I don’t know if this is related to the problem you’re having, but you’re doing something strange with your error codes. Why have you declared err as a (cl_int*)? It should just be a cl_int. The call to clCreateContextFromType should have a last parameter of “&err”.

I’m guessing you’re actually getting a CL_DEVICE_NOT_FOUND, but not interpreting the error code correctly. Some implementations don’t have a CPU device, unfortunately.

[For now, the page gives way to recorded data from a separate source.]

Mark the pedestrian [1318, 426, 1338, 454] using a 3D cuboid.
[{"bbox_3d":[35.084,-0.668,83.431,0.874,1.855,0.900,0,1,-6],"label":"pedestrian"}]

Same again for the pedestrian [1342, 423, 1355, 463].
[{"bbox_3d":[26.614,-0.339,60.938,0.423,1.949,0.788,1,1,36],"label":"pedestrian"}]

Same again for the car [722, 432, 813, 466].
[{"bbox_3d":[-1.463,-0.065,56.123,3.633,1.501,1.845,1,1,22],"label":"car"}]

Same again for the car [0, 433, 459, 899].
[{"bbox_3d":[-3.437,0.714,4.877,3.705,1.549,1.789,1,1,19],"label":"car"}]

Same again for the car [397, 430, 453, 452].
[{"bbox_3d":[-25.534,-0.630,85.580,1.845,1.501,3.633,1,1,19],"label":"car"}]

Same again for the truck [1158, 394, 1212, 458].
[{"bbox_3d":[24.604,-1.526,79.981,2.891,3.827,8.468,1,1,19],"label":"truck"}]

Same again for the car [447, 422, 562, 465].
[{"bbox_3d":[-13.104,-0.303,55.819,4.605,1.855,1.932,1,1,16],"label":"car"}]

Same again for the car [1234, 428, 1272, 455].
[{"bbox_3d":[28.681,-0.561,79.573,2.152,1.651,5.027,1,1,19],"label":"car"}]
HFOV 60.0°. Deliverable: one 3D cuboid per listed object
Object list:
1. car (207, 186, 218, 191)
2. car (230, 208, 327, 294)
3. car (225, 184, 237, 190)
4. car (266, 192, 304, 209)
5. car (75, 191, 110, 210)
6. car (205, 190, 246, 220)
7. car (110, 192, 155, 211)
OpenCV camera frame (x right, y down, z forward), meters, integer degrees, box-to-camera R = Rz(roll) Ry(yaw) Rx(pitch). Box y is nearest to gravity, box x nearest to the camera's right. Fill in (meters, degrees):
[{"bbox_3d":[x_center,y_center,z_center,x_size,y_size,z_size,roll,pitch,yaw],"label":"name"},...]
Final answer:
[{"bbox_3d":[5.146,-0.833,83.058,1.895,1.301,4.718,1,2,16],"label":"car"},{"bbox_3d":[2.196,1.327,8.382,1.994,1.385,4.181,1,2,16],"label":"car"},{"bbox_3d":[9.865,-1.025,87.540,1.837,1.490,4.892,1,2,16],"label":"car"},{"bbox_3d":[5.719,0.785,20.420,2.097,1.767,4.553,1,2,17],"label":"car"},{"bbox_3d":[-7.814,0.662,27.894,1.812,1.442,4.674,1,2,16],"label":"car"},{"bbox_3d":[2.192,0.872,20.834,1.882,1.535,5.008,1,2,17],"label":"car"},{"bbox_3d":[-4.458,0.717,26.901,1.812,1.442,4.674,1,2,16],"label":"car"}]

naroqueen · December 14, 2010, 2:48pm

Some implementations don’t have a CPU device, unfortunately.

Thanks very much for the reply but if it is not supported, how can I debug my opencl code on cpu? is there any way to do this with my Nvidia drive or the only way is to install ATI drive which enables running opencl code on cpu?

Also I have a small question if you please; how can I run on 1 work item in a loop? :-

Even there though you can usually start by creating it as 1 work-item that you enqueue from a loop.

sorry for my many questions and thanks a lot for you cooperation!

andrew.brownsword · December 16, 2010, 8:26am

Yes, you can try installing the AMD and now Intel implementations. The committee has defined an ICD model that all vendors are adhering to so that you can have one system with multiple implementations installed, and Programs which use the clPLatform APIs to choose between at runtime.